A black hole under the gravitational lens
An unusual observation method uncovers processes near the event horizon of a distant, massive monster
Turbulent processes take place close to supermassive black holes, which lurk in the centres of nearly all galaxies. They swallow up matter flowing in from the outside while at the same time producing so-called gas jets which shoot out into space in two opposite directions. Researchers at the Max Planck Institute for Physics in Munich and the University of Geneva have now succeeded in localizing the origin of the high-energy gamma radiation in such a jet: it apparently originates very close to the black hole. This discovery was made possible by a micro-gravitational lens effect that occurs by chance and selectively amplifies the light from different regions close to the black hole like a magnifying glass.
Astronomers are aware of many active galaxies which emanate such jets from their centre. These gas jets can be seen in the radio region, and occasionally in visible light and in the X-ray and gamma radiation regions as well. There is still a great deal of uncertainty about the mechanism of their formation. What is clear is that hot gas in the form of a disk orbits the central black hole. It is probable that strong magnetic fields, which accelerate the particles at right angles to the disk and into the jets, occur here as well.
This central machinery cannot, however, be observed directly from Earth due to the large distances involved. A stroke of luck helped Ievgen Vovk from the Max Planck Institute of Physics and his colleagues in Geneva here. The researchers looked at an active galaxy known as PKS 1830-211. This is a blazar – a rare case in which one of the two jets happens to be directed towards Earth so that the astronomers look directly into the jet along the longitudinal axis.
It so happens that there is a galaxy roughly half way between Earth and the blazar, which is billions of light years away. Its strong gravitation causes the space around it to curve. The light of the blazar behind it passes through this space well and takes a detour – as if it were passing through a lens. PKS 1830-211 thus appears in the sky as two images; and these images are brighter than the blazar would be without this lens effect.
Astronomers had already recorded intensity flare ups in the radio region which originated from events in the blazar. Since the light propagation paths of the two images are different in length, they do not light up simultaneously after a flare up, but around 26 days apart. Vovk and his colleagues have now scoured the data from the Large Area Telescope on board the Fermi space telescope looking for such flare ups in the gamma ray region.

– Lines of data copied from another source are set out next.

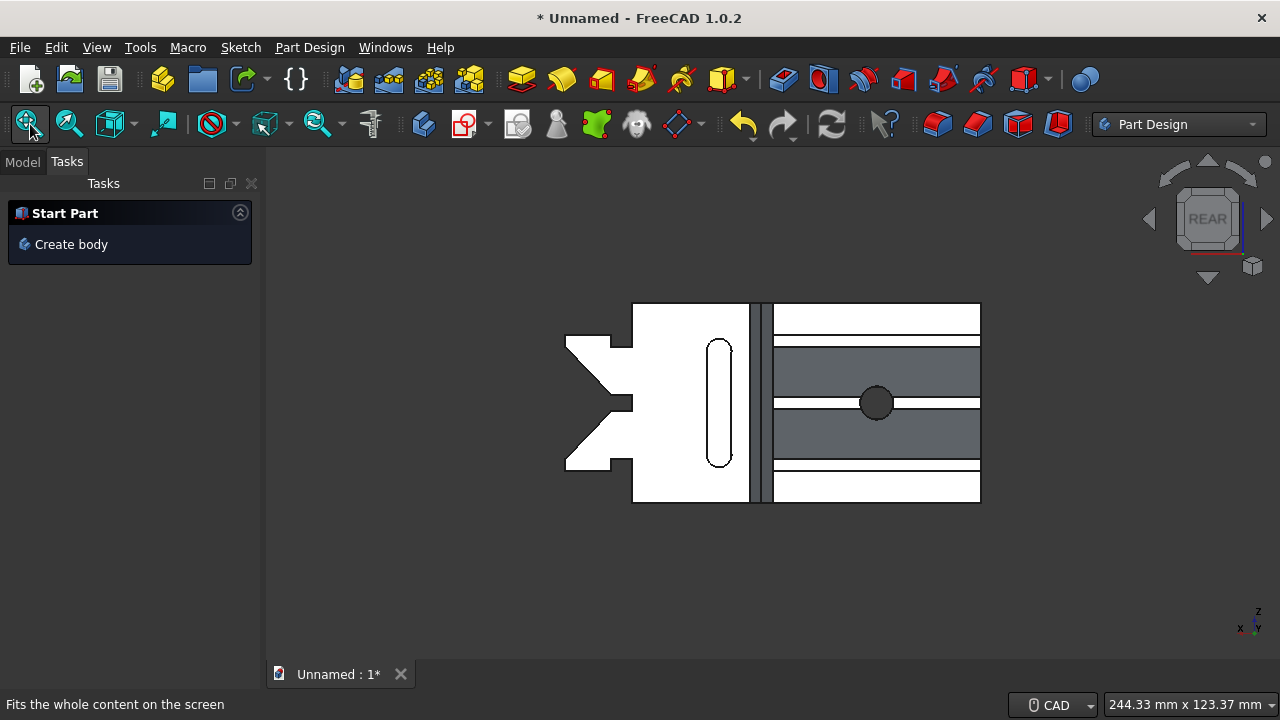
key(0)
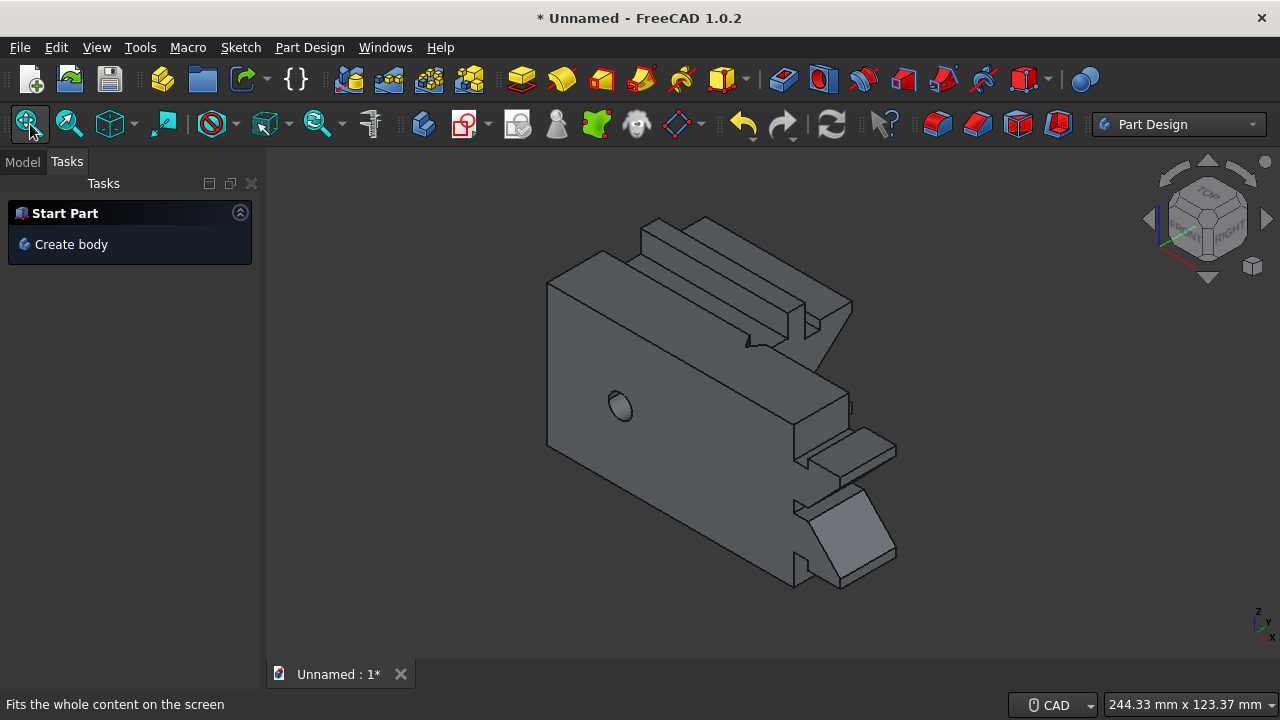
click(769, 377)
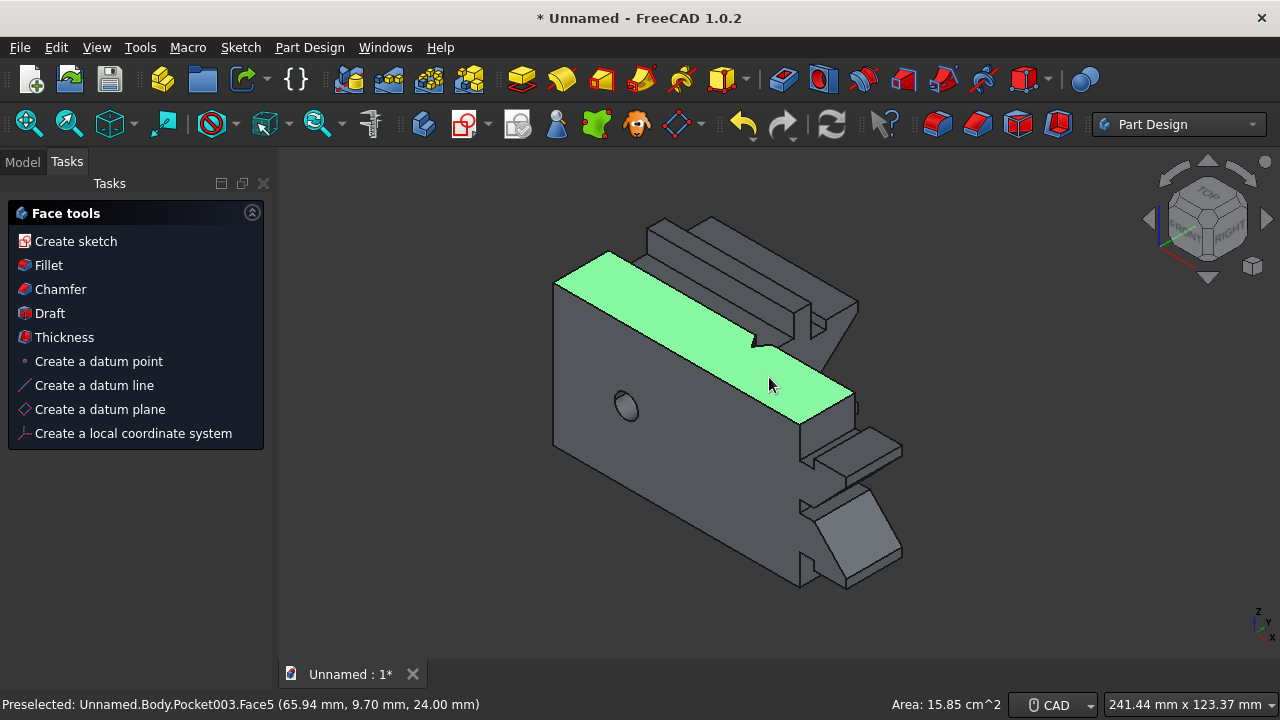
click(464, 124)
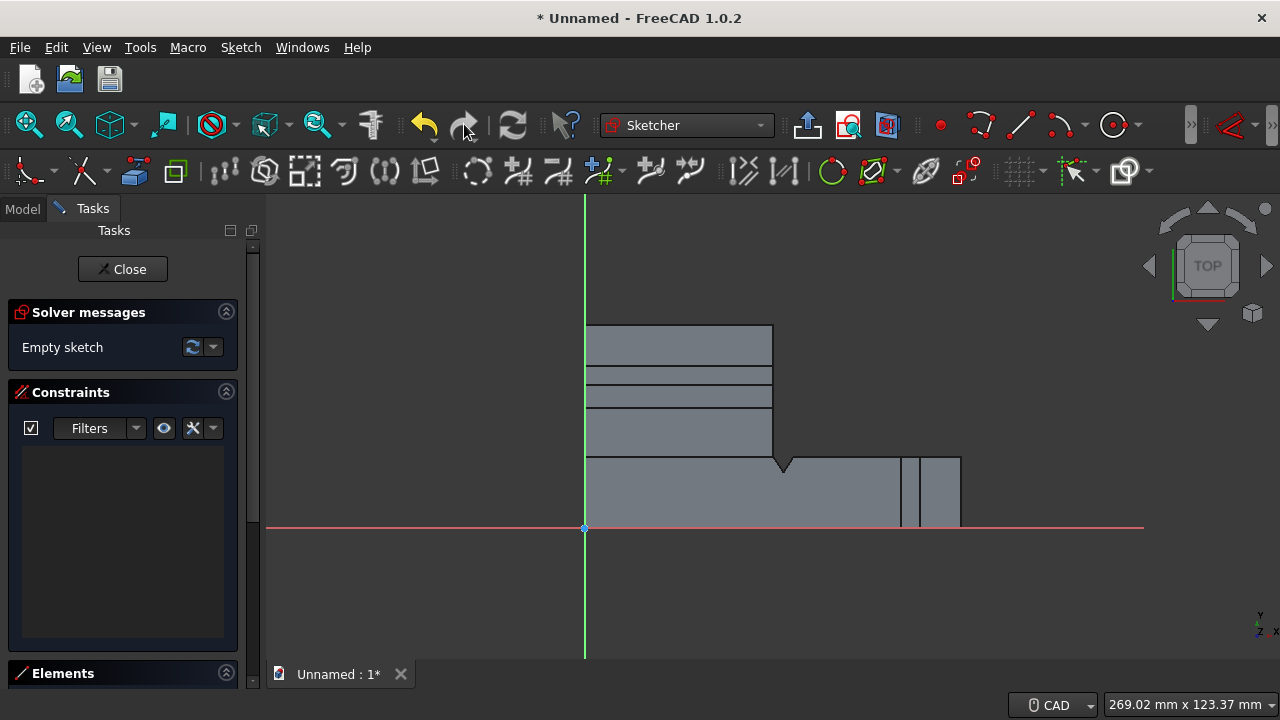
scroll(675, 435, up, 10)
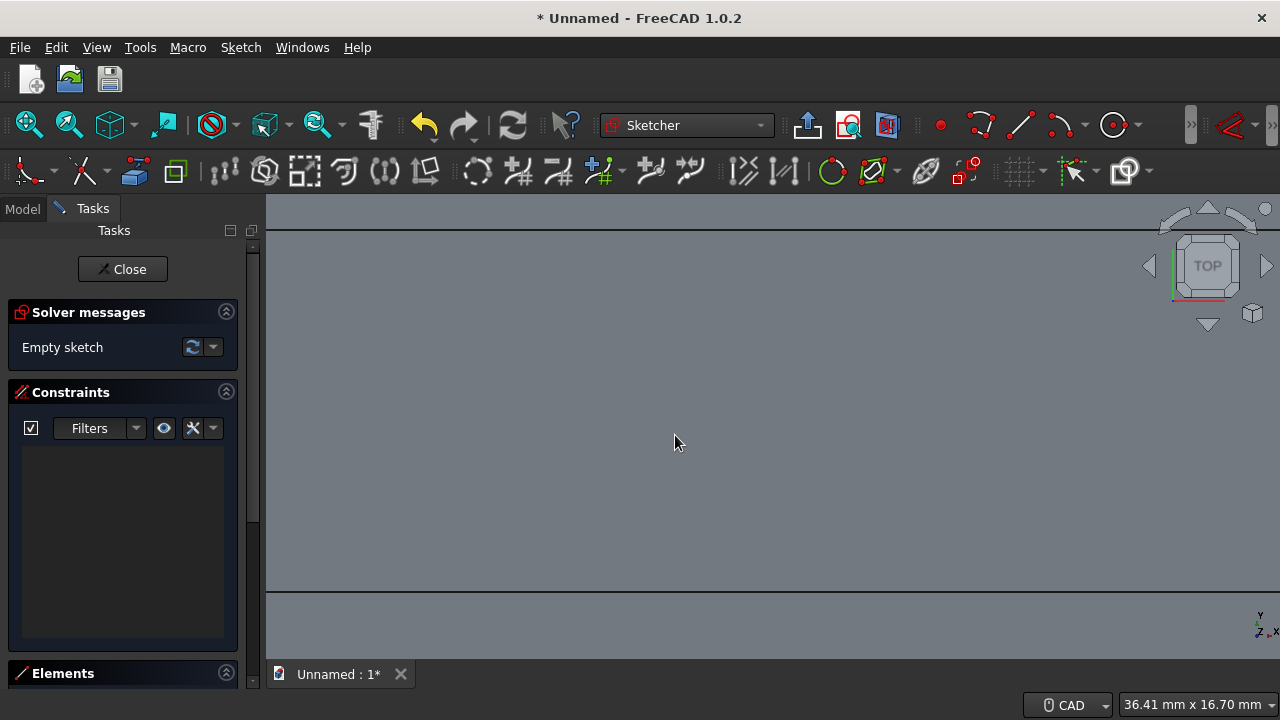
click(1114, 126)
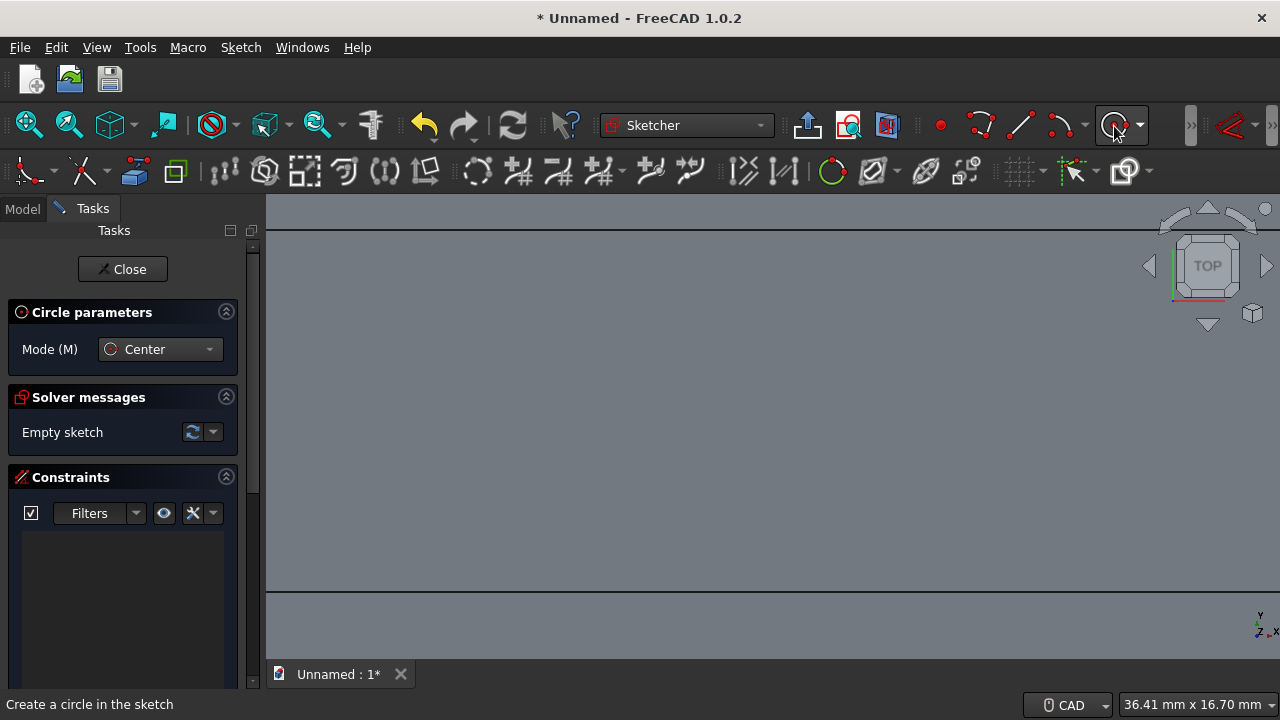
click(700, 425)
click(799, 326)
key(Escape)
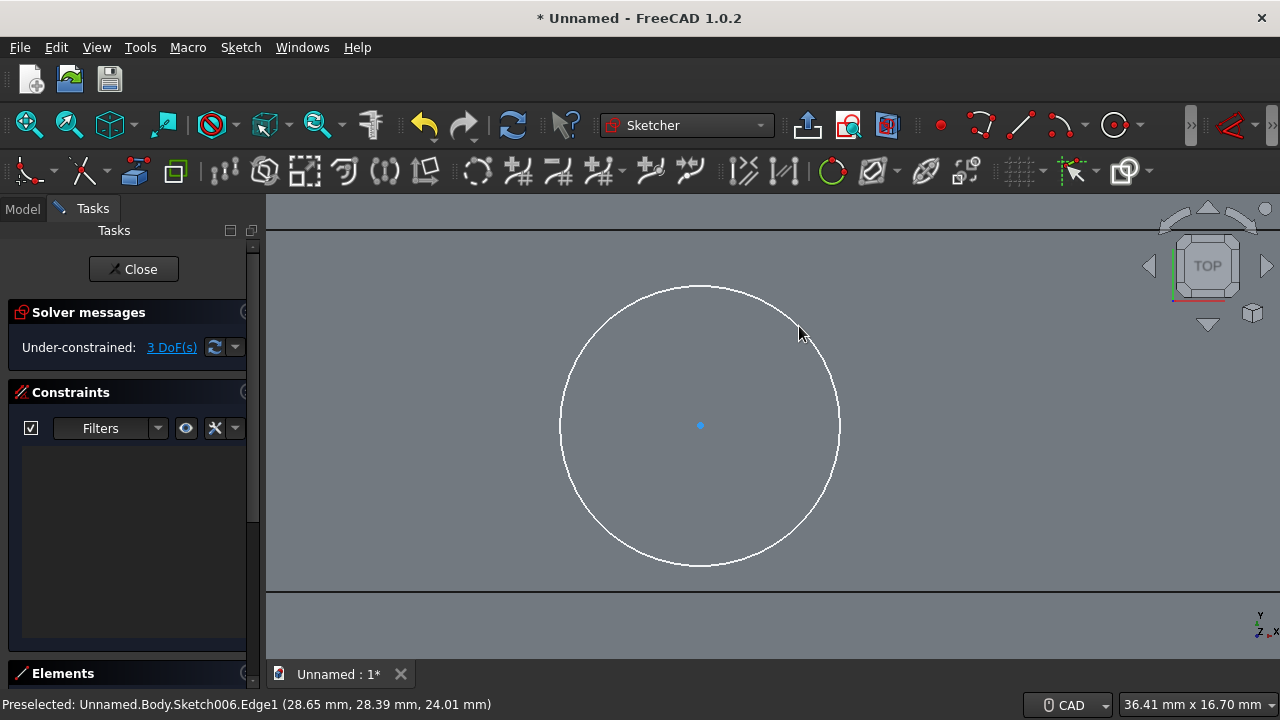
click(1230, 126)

The resolution of the telescope here is not sufficient to be able to image the two pictures separately, but the astronomers also found flare ups which occurred periodically with an almost constant delay. “The period was approximately as long as that in the radio region, but the amplification factors of the intensity were much larger and more variable,” says Ievgen Vovk.
This behaviour and further findings from observations can be best explained with an interesting assumption: Although the brightness variations in the gamma ray region also originate from the flare ups in the blazar, they are amplified to different degrees by the gravitational lens effect of individual stars in the foreground galaxy. This always occurs when a star happens to pass in front of the gamma ray emitting part of the blazar as seen from Earth.
The splitting of the images produced here is so small as to be unobservable. “It would correspond to the size of an ant on the Moon,” says Vovk. Astrophysicists call this a micro-gravitational lens effect. However, the intensity amplification of the images by factors of two to seven is much greater than in the radio region. The stars thus briefly highlight the gamma ray region, as it were, as if through a magnifying glass.
All findings can be best explained in the context of the micro-gravitational lens effect with a very compact gamma ray region which extends over several ten billion kilometres. This corresponds roughly to the diameter of our solar system or to that of a black hole with a mass of one billion solar masses.
“According to our findings, the gamma ray region is only slightly larger than the black hole itself,” says Andrii Neronov from the University of Geneva. Since the jet originating from the centre widens with increasing distance, the gamma radiation is probably being generated very close to the black hole, i.e. quasi at the foot of the jet.
How this radiation is generated is still not known. According to the most prevalent theory, the black hole and the gas disk are surrounded by a strong magnetic field in which particles such as electrons are accelerated to almost the speed of light. These can collide with light particles (photons), transferring so much energy to the particles in the process that they become gamma or X-ray photons.